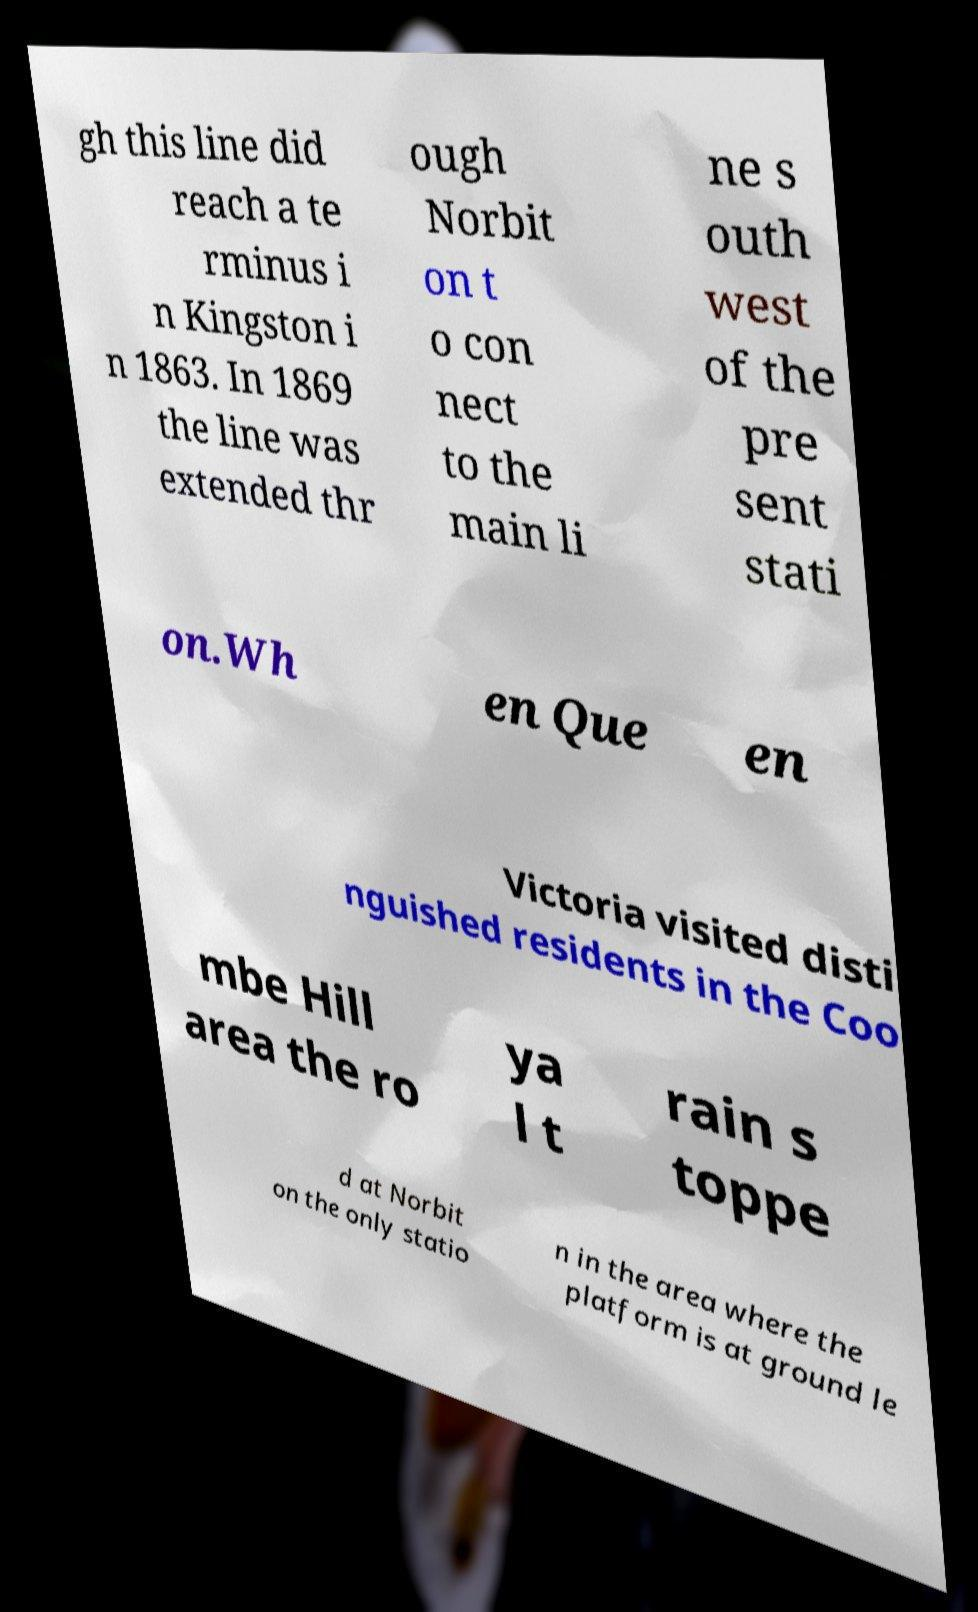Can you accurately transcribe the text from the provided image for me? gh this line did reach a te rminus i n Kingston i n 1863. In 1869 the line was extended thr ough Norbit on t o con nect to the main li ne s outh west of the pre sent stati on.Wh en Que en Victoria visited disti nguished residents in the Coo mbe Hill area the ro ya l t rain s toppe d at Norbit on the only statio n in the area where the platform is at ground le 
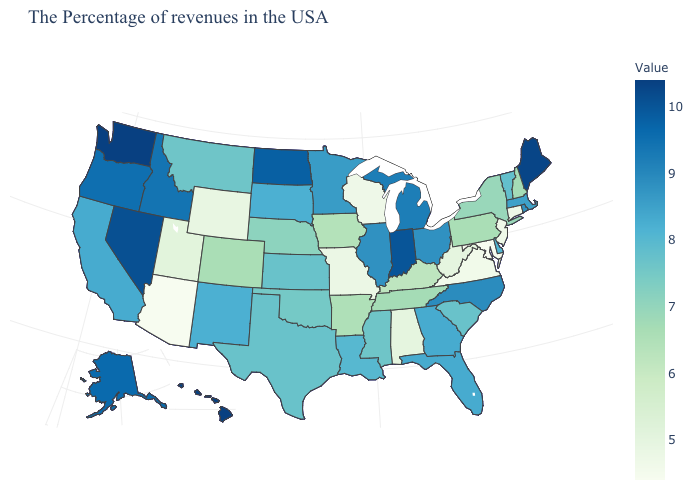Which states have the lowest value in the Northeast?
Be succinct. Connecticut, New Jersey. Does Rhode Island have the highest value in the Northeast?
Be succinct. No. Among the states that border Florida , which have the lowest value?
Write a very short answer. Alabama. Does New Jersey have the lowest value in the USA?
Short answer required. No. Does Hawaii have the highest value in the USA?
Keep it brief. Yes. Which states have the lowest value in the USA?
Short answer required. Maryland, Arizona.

****************************************

This exercise needs every line of the listing that contains the word "required".

REPLY:
Short answer required. No. Does Hawaii have the highest value in the USA?
Short answer required. Maryland, Arizona.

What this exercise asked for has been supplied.